Capture d'écran de la page d'accueil du site du magazine White - Whitemag.com
Capture d'écran de la page d'accueil du site du magazine White - Whitemag.com

Leur homophobie les aura conduit à mettre la clé sous la porte. Le magazine australien bi-mensuel White, spécialisé dans le mariage, a fait faillite après avoir été lâché par ses annonceurs, rapporte l’AFP. En cause ? Le refus des propriétaires de publier dans les pages du magazine des photos de couples homosexuels et ce près d’un an après que le pays a ouvert le mariage à tous les couples.

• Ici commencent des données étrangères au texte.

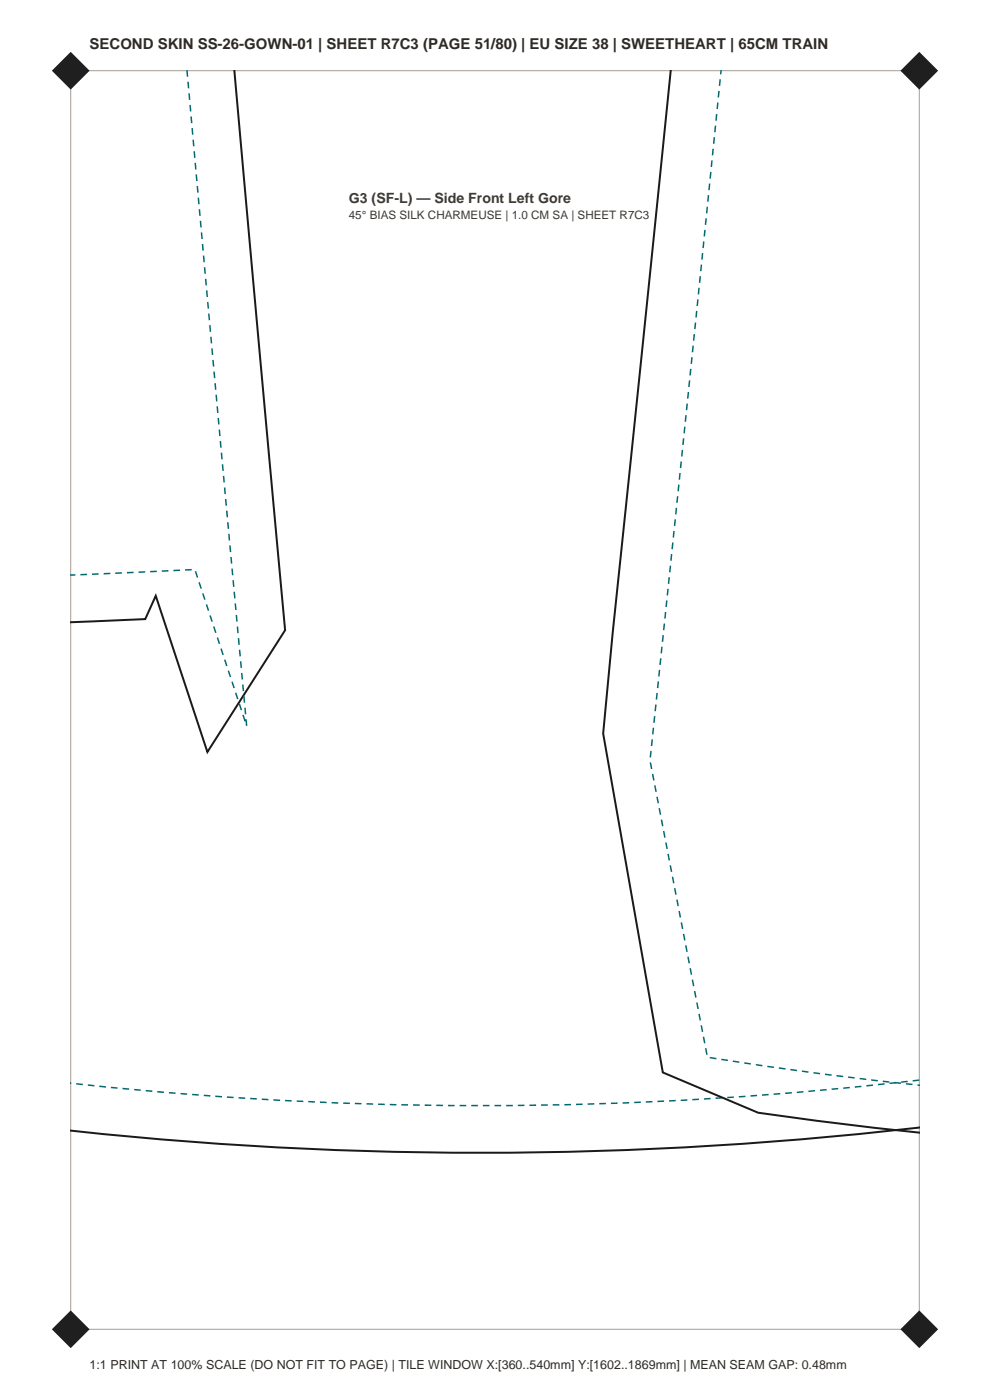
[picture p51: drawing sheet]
<svg xmlns="http://www.w3.org/2000/svg" width="210mm" height="297mm" viewBox="0 0 210 297" stroke-linecap="round" stroke-linejoin="round" font-family="sans-serif">
<defs><g id="words">
<text font-size="3.2" fill="#2e2b26" x="19" y="10.5">SECOND SKIN SS-26-GOWN-01 | SHEET R7C3 (PAGE 51/80) | EU SIZE 38 | SWEETHEART | 65CM TRAIN</text>
<text font-size="3" fill="#403b33" x="74" y="43">G3 (SF-L) — Side Front Left Gore</text>
<text font-size="2.6" fill="#2e2b26" x="19" y="290.5">1:1 PRINT AT 100% SCALE (DO NOT FIT TO PAGE) | TILE WINDOW X:[360..540mm] Y:[1602..1869mm] | MEAN SEAM GAP: 0.48mm</text>
<text font-size="2.5" fill="#403b33" x="74" y="46.5">45° BIAS SILK CHARMEUSE | 1.0 CM SA | SHEET R7C3</text>
</g></defs>
<path d="M15 15h180v267h-180z" fill="none" stroke="#a69e8f" stroke-width=".21"/>
<g fill="#1f1f1f">
<path d="M11 282l4-4 4 4-4 4z" fill-rule="evenodd"/>
<path d="M191 282l4-4 4 4-4 4z" fill-rule="evenodd"/>
<path d="M11 15l4-4 4 4-4 4z" fill-rule="evenodd"/>
<path d="M191 15l4-4 4 4-4 4z" fill-rule="evenodd"/>
</g>
<path d="M49.7 14.9l10.8 118.8-16.5 25.8-11-33.1-2.2 4.9-15.8 .7M142.3 14.9l-12.3 119.3-2.1 21.4 12.7 71.9 20.2 8.6 12.3 1.7 22 2.5M195.1 239.2a807.1 807.1 0 0 1-180.1 .6" fill="none" stroke="#1a1a1a" stroke-width=".42"/>
<path d="M39.7 14.9l12.6 139.1-11-33.2-26.3 1.2M195.1 229.1a796.9 796.9 0 0 1-180.1 .7M195.1 230.2a791.1 791.1 0 0 1-45-5.9l-12.2-63 15-146.4" fill="none" stroke="#036970" stroke-width=".32" stroke-dasharray="1.4 1.1" stroke-linecap="butt"/>
<use href="#words"/>
</svg>

Luke et Carla Burrell, fondateur et fondatrice de White Magazine, ont justifié leur boycott des couples homosexuels par un refus de « créer une guerre sociale, politique ou juridique ». Dans un billet publié sur la partie blog de leur site samedi 17 novembre, le couple dit avoir été contraint de « choisir [son] camp » : « Au lieu de nous laisser l’espace nécessaire pour travailler sur nos pensées et nos sentiments, ou d’être prêts à engager des conversations courageuses pour vraiment entendre les histoires de chacun, certains nous ont juste demandé aveuglément que nous choisissions un camp. (…) Une campagne ciblant le magazine, notre équipe et nos annonceurs a été lancée. (…) Le résultat a été qu’un certain nombre d’annonceurs se sont retirés par peur d’être jugés ou en signe de protestation. », peut-on lire. Le tandem n’a pu que reconnaître le fait que leur magazine « n’est plus économiquement viable. »

Dans notre enquête publiée fin avril à l’occasion des cinq ans du mariage pour toutes et tous en France, le constat était sans appel : la presse spécialisée dans le mariage s’est dispensée de la moindre mention de cette date anniversaire dans les éditions printanières des publications, et encore moins de couverture.